MIENTRAS ESCRIBO ESTAS LÍNEAS soy estudiante de último grado de secundaria. Estoy muy agradecido de mis padres, que tuvieron la visión de enviarnos a mi hermana y a mía una escuela adventista, ya que de esta forma las enseñanzas que recibo del hogar, la escuela y la iglesia se encuentran en armonía y me mantienen centrado en el hecho de que una relación con Dios es fundamental para nuestras vidas. Por eso quiero animarte a que cada día desarrolles tu relación con Dios por medio del estudio de la Biblia, la oración y al congregarte los hermanos.
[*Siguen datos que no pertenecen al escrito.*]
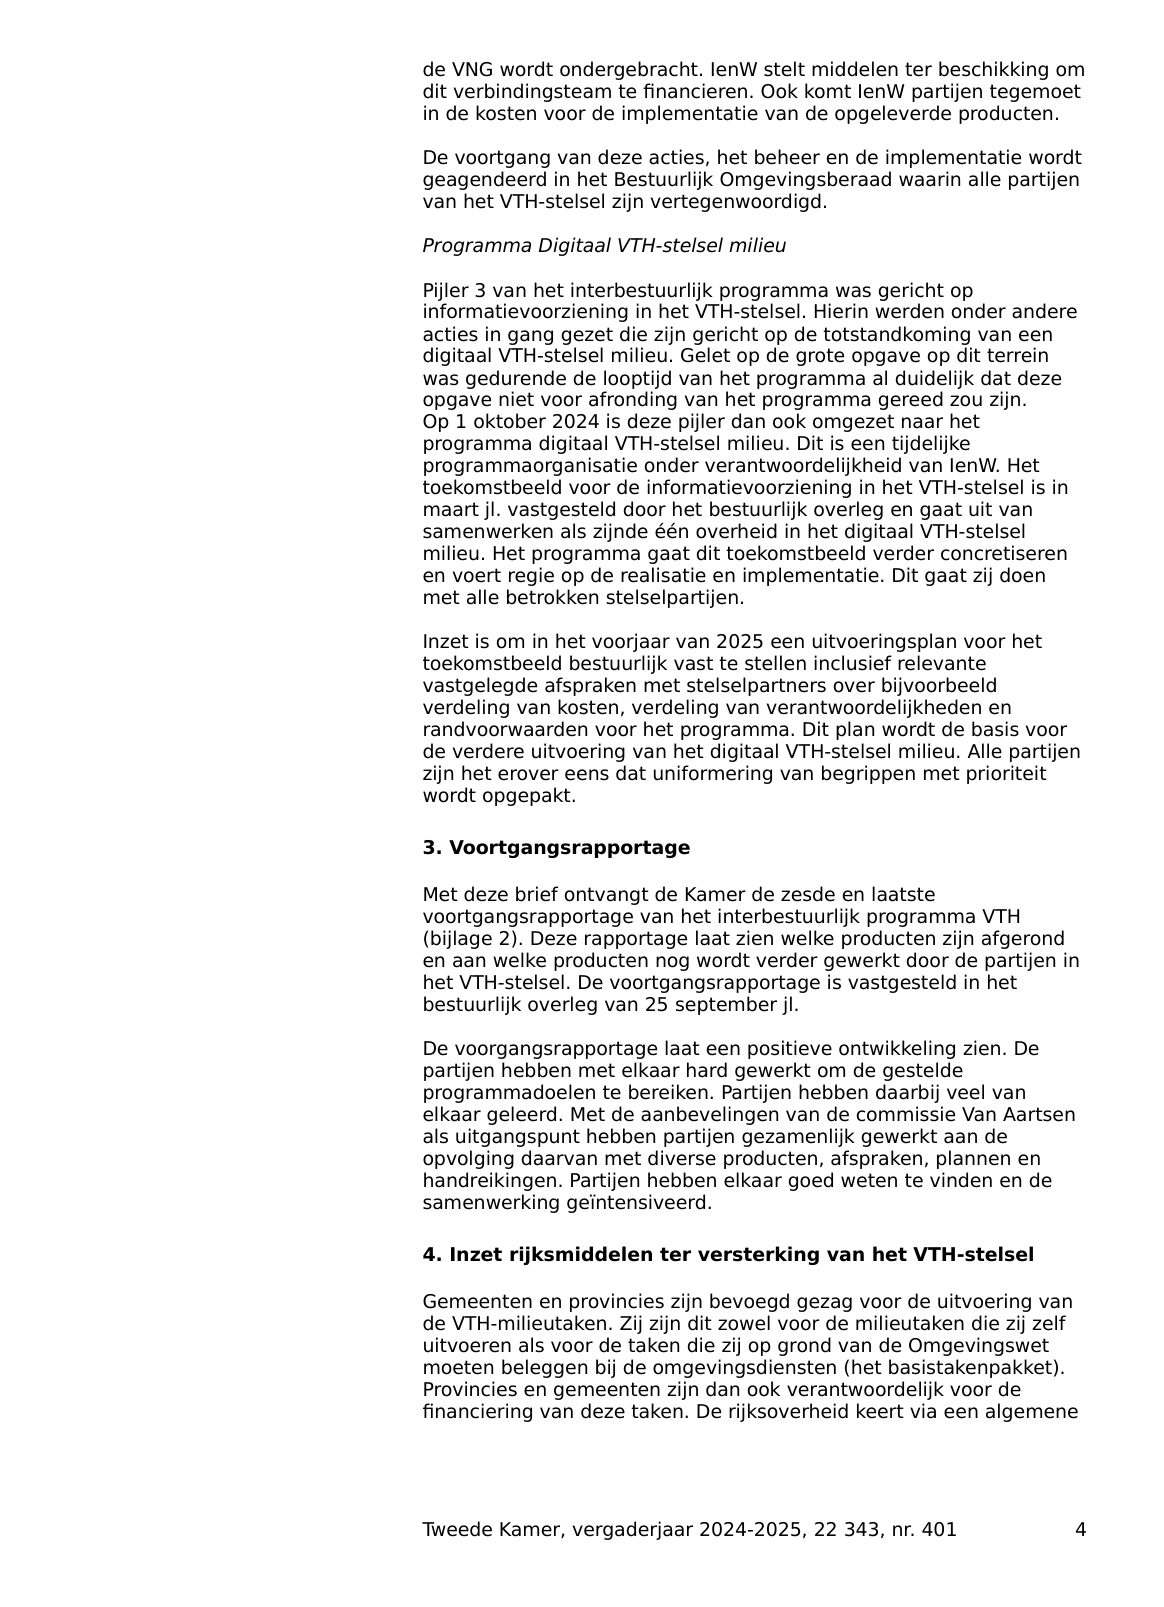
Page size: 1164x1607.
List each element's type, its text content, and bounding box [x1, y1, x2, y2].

text Op 1 oktober 2024 is deze pijler dan ook omgezet naar het programma digitaal VTH-stelsel milieu. Dit is een tijdelijke programmaorganisatie onder verantwoordelijkheid van IenW. Het toekomstbeeld voor de informatievoorziening in het VTH-stelsel is in maart jl. vastgesteld door het bestuurlijk overleg en gaat uit van samenwerken als zijnde één overheid in het digitaal VTH-stelsel milieu. Het programma gaat dit toekomstbeeld verder concretiseren en voert regie op de realisatie en implementatie. Dit gaat zij doen met alle betrokken stelselpartijen. [422, 411, 1087, 609]
text De voortgang van deze acties, het beheer en de implementatie wordt geagendeerd in het Bestuurlijk Omgevingsberaad waarin alle partijen van het VTH-stelsel zijn vertegenwoordigd. [422, 147, 1087, 213]
subtitle Programma Digitaal VTH-stelsel milieu [422, 235, 1087, 257]
text Inzet is om in het voorjaar van 2025 een uitvoeringsplan voor het toekomstbeeld bestuurlijk vast te stellen inclusief relevante vastgelegde afspraken met stelselpartners over bijvoorbeeld verdeling van kosten, verdeling van verantwoordelijkheden en randvoorwaarden voor het programma. Dit plan wordt de basis voor de verdere uitvoering van het digitaal VTH-stelsel milieu. Alle partijen zijn het erover eens dat uniformering van begrippen met prioriteit wordt opgepakt. [422, 631, 1087, 807]
text Met deze brief ontvangt de Kamer de zesde en laatste voortgangsrapportage van het interbestuurlijk programma VTH (bijlage 2). Deze rapportage laat zien welke producten zijn afgerond en aan welke producten nog wordt verder gewerkt door de partijen in het VTH-stelsel. De voortgangsrapportage is vastgesteld in het bestuurlijk overleg van 25 september jl. [422, 884, 1087, 1016]
text de VNG wordt ondergebracht. IenW stelt middelen ter beschikking om dit verbindingsteam te financieren. Ook komt IenW partijen tegemoet in de kosten voor de implementatie van de opgeleverde producten. [422, 59, 1087, 125]
text Pijler 3 van het interbestuurlijk programma was gericht op informatievoorziening in het VTH-stelsel. Hierin werden onder andere acties in gang gezet die zijn gericht op de totstandkoming van een digitaal VTH-stelsel milieu. Gelet op de grote opgave op dit terrein was gedurende de looptijd van het programma al duidelijk dat deze opgave niet voor afronding van het programma gereed zou zijn. [422, 279, 1087, 411]
text Gemeenten en provincies zijn bevoegd gezag voor de uitvoering van de VTH-milieutaken. Zij zijn dit zowel voor de milieutaken die zij zelf uitvoeren als voor de taken die zij op grond van de Omgevingswet moeten beleggen bij de omgevingsdiensten (het basistakenpakket). Provincies en gemeenten zijn dan ook verantwoordelijk voor de financiering van deze taken. De rijksoverheid keert via een algemene [422, 1291, 1087, 1423]
text De voorgangsrapportage laat een positieve ontwikkeling zien. De partijen hebben met elkaar hard gewerkt om de gestelde programmadoelen te bereiken. Partijen hebben daarbij veel van elkaar geleerd. Met de aanbevelingen van de commissie Van Aartsen als uitgangspunt hebben partijen gezamenlijk gewerkt aan de opvolging daarvan met diverse producten, afspraken, plannen en handreikingen. Partijen hebben elkaar goed weten te vinden en de samenwerking geïntensiveerd. [422, 1038, 1087, 1214]
subtitle 4. Inzet rijksmiddelen ter versterking van het VTH-stelsel [422, 1244, 1087, 1266]
subtitle 3. Voortgangsrapportage [422, 837, 1087, 859]

En el año 2015, mientras cursaba el undécimo grado, tomé la decisión de presentarme a cinco exámenes nacionales para el Certificado General de Educación Secundaria de las Bahamas (BGCSE, por sus siglas en inglés). Fue muy difícil y requirió mucho trabajo y esfuerzo completar el curso. Seis meses antes de los exámenes, comencé a sentir ansiedad y mucho estrés. Me sentía muy desanimado y no creía que podría superar los exámenes. Fue en esos momentos cuando tomé la de cisión de colocar mi situación en las manos del Señor. Empecé a orar cada mañana y compartir con Dios mis preocupaciones por medio de mi devoción personal. Mis padres me habían enseñado a poner siempre a Dios en primer lugar, así que eso fue exactamente lo que hice. Cada vez que comenzaba a realizar mis tareas escolares o a estudiar, dedicaba unos momentos a la meditación.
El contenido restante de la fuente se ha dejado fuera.